Quantitative analysis of siderophore production of Rb and Eb isolates. Different characters indicate statistical differences between groups (p < 0.05).

Out of 25 selected isolates, 17 isolates showed phosphate solubilization activity. Between Rb and Eb isolates, there was no significant difference (Fig. 3). The average diameter size for Rb and Eb was 5.16 mm and 5.75 mm, respectively. The largest diameter of 8 mm was observed at Rb14-Pseudomonas sp. and 7 mm at Eb4-Bacillus sp.

Fig 3.

Qualitative analysis of phosphate solubilization of Rb and Eb isolates.

No statistical difference (p < 0.73) was observed between Rb and Eb isolates (Fig. 4). The highest concentration of IAA production in Rb with 614.66 μg/ml was detected in Rb13-Pseudomonas sp. Similarly, in the Eb group, a concentration of 699.89 μg/ml was observed in Eb2-Staphylococcus sp.

Fig 4.

Quantitative analysis of indol-3-acid (IAA) production of Rb and Eb isolates.

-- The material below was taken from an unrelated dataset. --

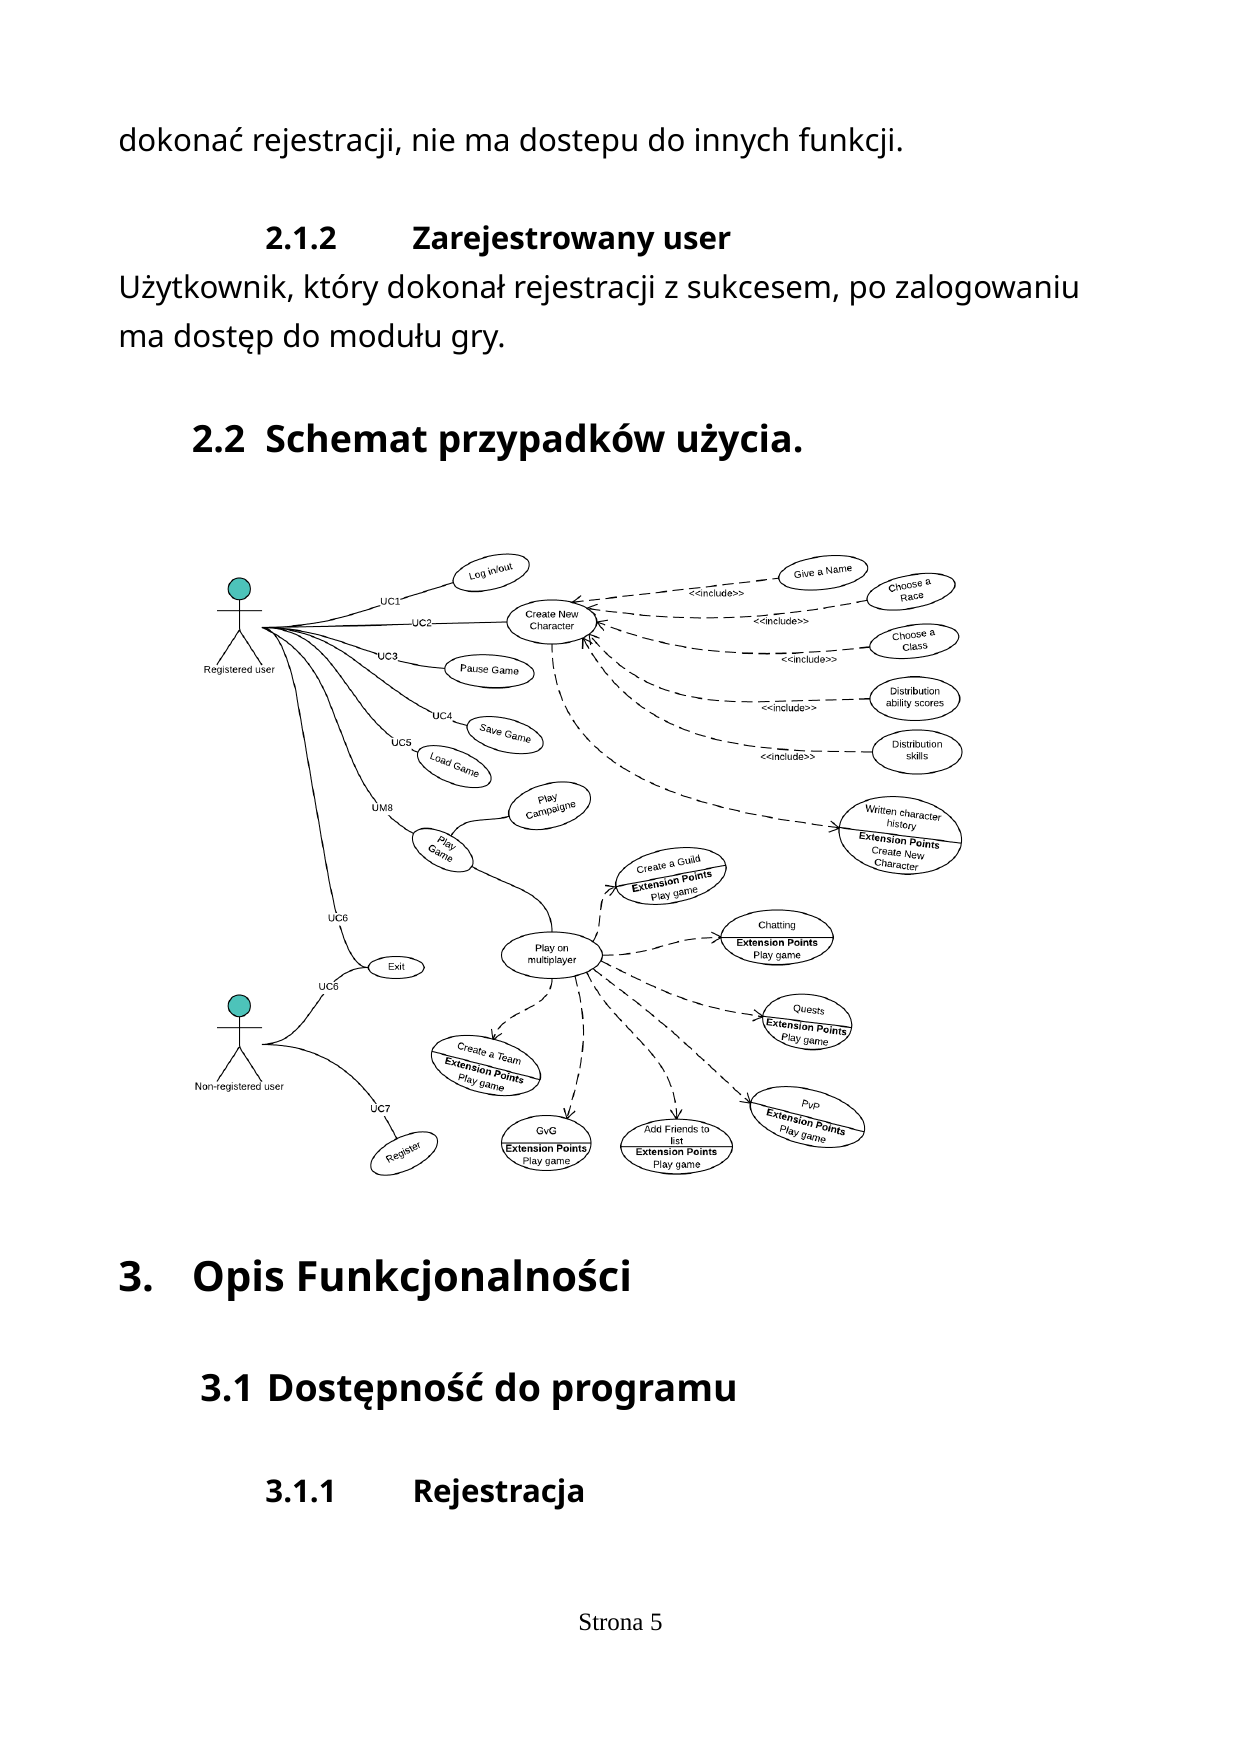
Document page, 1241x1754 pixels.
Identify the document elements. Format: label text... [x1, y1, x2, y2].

After editing with BioEdit software, the sequences were approximately 550 bp in length. The 16S rRNA gene sequencing of isolates clearly showed differences in genus diversity between Rb and Eb. All isolates from the rhizosphere except Rb9 (Bacillus sp.) belong to the Pseudomonas genus. On the other hand, endophytic isolates are more diverse and related to five different genera: Bacillus, Pseudomonas, Staphylococcus, Lysinibacillus, and Brevibacterium/Peribacillus. The results of BLAST results after sequence editing are presented in Table VI.